Although Cuzick and colleagues expected the influence of their study to be small due to the similar 5-year detection rates of significant lesions between the groups, Meijer and Snijders said being able to answer this question is of “utmost importance” to balance earlier detection with overtreatment.
Regardless, the data provide basis for further monitoring of this balance in U.S. cervical screening practice, they wrote.
“The study results may lead to recommendation of less intense screening strategies with similar benefits and less harms,” Meijer and Snijders wrote. – by Melinda Stevens
For more information:
Jack Cuzick, PhD, can be reached at firstname.lastname@example.org.
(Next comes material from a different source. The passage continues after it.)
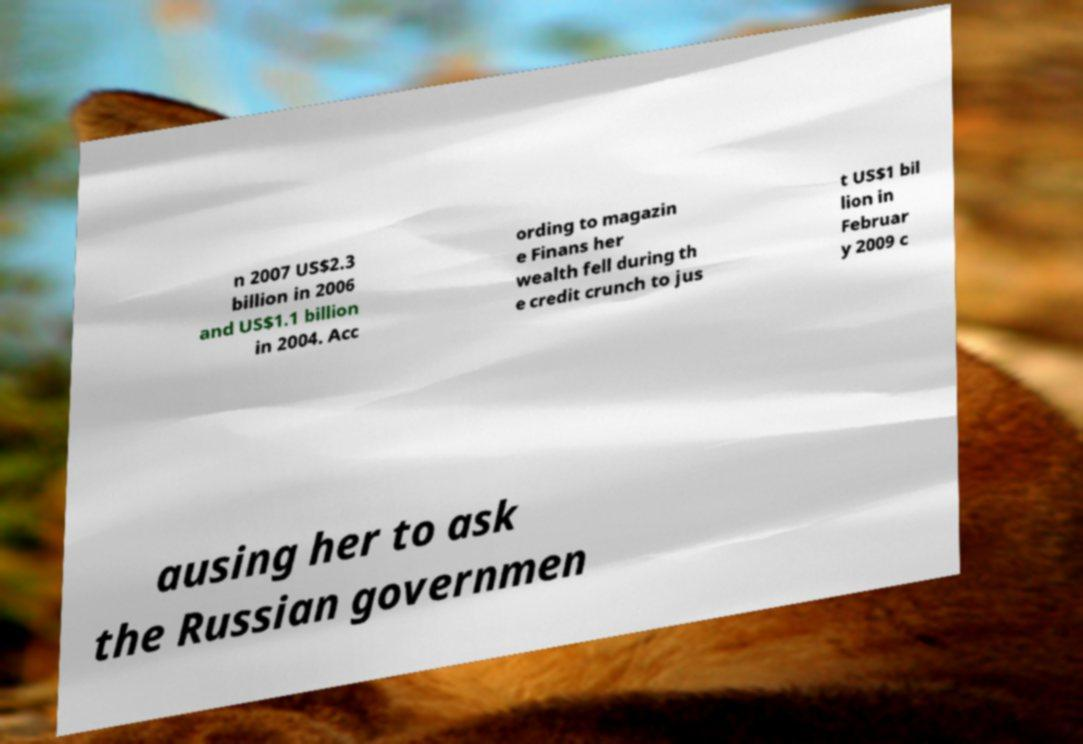There's text embedded in this image that I need extracted. Can you transcribe it verbatim? n 2007 US$2.3 billion in 2006 and US$1.1 billion in 2004. Acc ording to magazin e Finans her wealth fell during th e credit crunch to jus t US$1 bil lion in Februar y 2009 c ausing her to ask the Russian governmen 
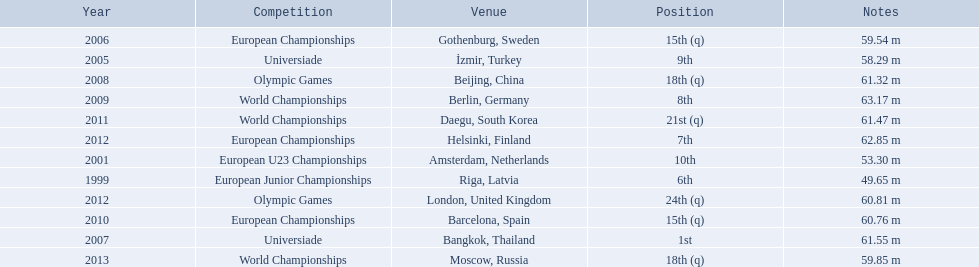What were the distances of mayer's throws? 49.65 m, 53.30 m, 58.29 m, 59.54 m, 61.55 m, 61.32 m, 63.17 m, 60.76 m, 61.47 m, 62.85 m, 60.81 m, 59.85 m. Could you help me parse every detail presented in this table? {'header': ['Year', 'Competition', 'Venue', 'Position', 'Notes'], 'rows': [['2006', 'European Championships', 'Gothenburg, Sweden', '15th (q)', '59.54 m'], ['2005', 'Universiade', 'İzmir, Turkey', '9th', '58.29 m'], ['2008', 'Olympic Games', 'Beijing, China', '18th (q)', '61.32 m'], ['2009', 'World Championships', 'Berlin, Germany', '8th', '63.17 m'], ['2011', 'World Championships', 'Daegu, South Korea', '21st (q)', '61.47 m'], ['2012', 'European Championships', 'Helsinki, Finland', '7th', '62.85 m'], ['2001', 'European U23 Championships', 'Amsterdam, Netherlands', '10th', '53.30 m'], ['1999', 'European Junior Championships', 'Riga, Latvia', '6th', '49.65 m'], ['2012', 'Olympic Games', 'London, United Kingdom', '24th (q)', '60.81 m'], ['2010', 'European Championships', 'Barcelona, Spain', '15th (q)', '60.76 m'], ['2007', 'Universiade', 'Bangkok, Thailand', '1st', '61.55 m'], ['2013', 'World Championships', 'Moscow, Russia', '18th (q)', '59.85 m']]} Which of these went the farthest? 63.17 m.

Disclosure: Cuzick reports advisory or speaker fees from Abbott, Becton Dickinson, Cepheid, Merck and Trovagene; and institutional grants from Abbott, Becton Dickinson, Cepheid, Hologic, OncoHealth, Qiagen and Trovagene during the time of the study. Please see the full study for a list of all other researchers’ relevant financial disclosures. Meijer reports speaker fees from GlaxoSmithKline, Menarini, Qiagen, Roche Diagnostics, Sanofi Pasteur-MSD/Merck and Seegene; consultant/advisory roles with Genticel, GlaxoSmithKline, Qiagen, Roche and Sanofi Pasteur-MSD/Merck; and minority shareholder roles with Dissay B.V. and Self-Screen B.V. Snijders reports a minority shareholder role with Self-Screen B.V.; speaker roles with Abbott, Gen-Probe, Qiagen, Roche Diagnostics and Seegene; and a consultant role with Crucell B.V.